Problem details ▸
Write out all the data again, exactly.

*** Records provided

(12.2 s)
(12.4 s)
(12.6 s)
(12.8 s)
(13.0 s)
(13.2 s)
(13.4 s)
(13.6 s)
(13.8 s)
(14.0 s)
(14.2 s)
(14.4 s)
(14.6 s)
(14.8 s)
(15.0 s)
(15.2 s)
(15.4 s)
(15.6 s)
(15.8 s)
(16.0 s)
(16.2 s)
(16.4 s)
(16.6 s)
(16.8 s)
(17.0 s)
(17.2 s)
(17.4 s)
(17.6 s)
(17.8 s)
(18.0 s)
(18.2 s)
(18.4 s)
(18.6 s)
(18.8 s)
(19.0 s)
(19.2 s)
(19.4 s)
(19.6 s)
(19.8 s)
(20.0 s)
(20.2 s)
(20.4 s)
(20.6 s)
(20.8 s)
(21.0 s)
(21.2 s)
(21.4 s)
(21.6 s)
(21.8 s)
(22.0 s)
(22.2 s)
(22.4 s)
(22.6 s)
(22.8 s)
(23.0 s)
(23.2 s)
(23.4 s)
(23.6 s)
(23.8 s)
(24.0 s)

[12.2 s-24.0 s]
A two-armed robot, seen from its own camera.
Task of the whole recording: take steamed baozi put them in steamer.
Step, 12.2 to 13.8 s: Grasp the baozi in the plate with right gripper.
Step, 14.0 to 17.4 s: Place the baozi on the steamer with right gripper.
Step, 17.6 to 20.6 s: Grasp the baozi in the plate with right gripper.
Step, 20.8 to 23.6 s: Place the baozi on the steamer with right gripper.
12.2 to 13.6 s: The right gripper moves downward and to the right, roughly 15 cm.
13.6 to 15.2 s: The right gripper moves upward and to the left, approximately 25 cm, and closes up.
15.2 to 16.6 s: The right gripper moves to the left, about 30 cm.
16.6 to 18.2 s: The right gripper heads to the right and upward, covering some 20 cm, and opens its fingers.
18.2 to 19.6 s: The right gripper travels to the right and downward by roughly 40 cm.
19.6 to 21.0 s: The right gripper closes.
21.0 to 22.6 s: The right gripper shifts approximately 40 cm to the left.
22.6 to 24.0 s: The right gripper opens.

******

Completed task ▸
(12.2 s)
(12.4 s)
(12.6 s)
(12.8 s)
(13.0 s)
(13.2 s)
(13.4 s)
(13.6 s)
(13.8 s)
(14.0 s)
(14.2 s)
(14.4 s)
(14.6 s)
(14.8 s)
(15.0 s)
(15.2 s)
(15.4 s)
(15.6 s)
(15.8 s)
(16.0 s)
(16.2 s)
(16.4 s)
(16.6 s)
(16.8 s)
(17.0 s)
(17.2 s)
(17.4 s)
(17.6 s)
(17.8 s)
(18.0 s)
(18.2 s)
(18.4 s)
(18.6 s)
(18.8 s)
(19.0 s)
(19.2 s)
(19.4 s)
(19.6 s)
(19.8 s)
(20.0 s)
(20.2 s)
(20.4 s)
(20.6 s)
(20.8 s)
(21.0 s)
(21.2 s)
(21.4 s)
(21.6 s)
(21.8 s)
(22.0 s)
(22.2 s)
(22.4 s)
(22.6 s)
(22.8 s)
(23.0 s)
(23.2 s)
(23.4 s)
(23.6 s)
(23.8 s)
(24.0 s)

[12.2 s-24.0 s]
A two-armed robot, seen from its own camera.
Task of the whole recording: take steamed baozi put them in steamer.
Step, 12.2 to 13.8 s: Grasp the baozi in the plate with right gripper.
Step, 14.0 to 17.4 s: Place the baozi on the steamer with right gripper.
Step, 17.6 to 20.6 s: Grasp the baozi in the plate with right gripper.
Step, 20.8 to 23.6 s: Place the baozi on the steamer with right gripper.
12.2 to 13.6 s: The right gripper moves downward and to the right, roughly 15 cm.
13.6 to 15.2 s: The right gripper moves upward and to the left, approximately 25 cm, and closes up.
15.2 to 16.6 s: The right gripper moves to the left, about 30 cm.
16.6 to 18.2 s: The right gripper heads to the right and upward, covering some 20 cm, and opens its fingers.
18.2 to 19.6 s: The right gripper travels to the right and downward by roughly 40 cm.
19.6 to 21.0 s: The right gripper closes.
21.0 to 22.6 s: The right gripper shifts approximately 40 cm to the left.
22.6 to 24.0 s: The right gripper opens.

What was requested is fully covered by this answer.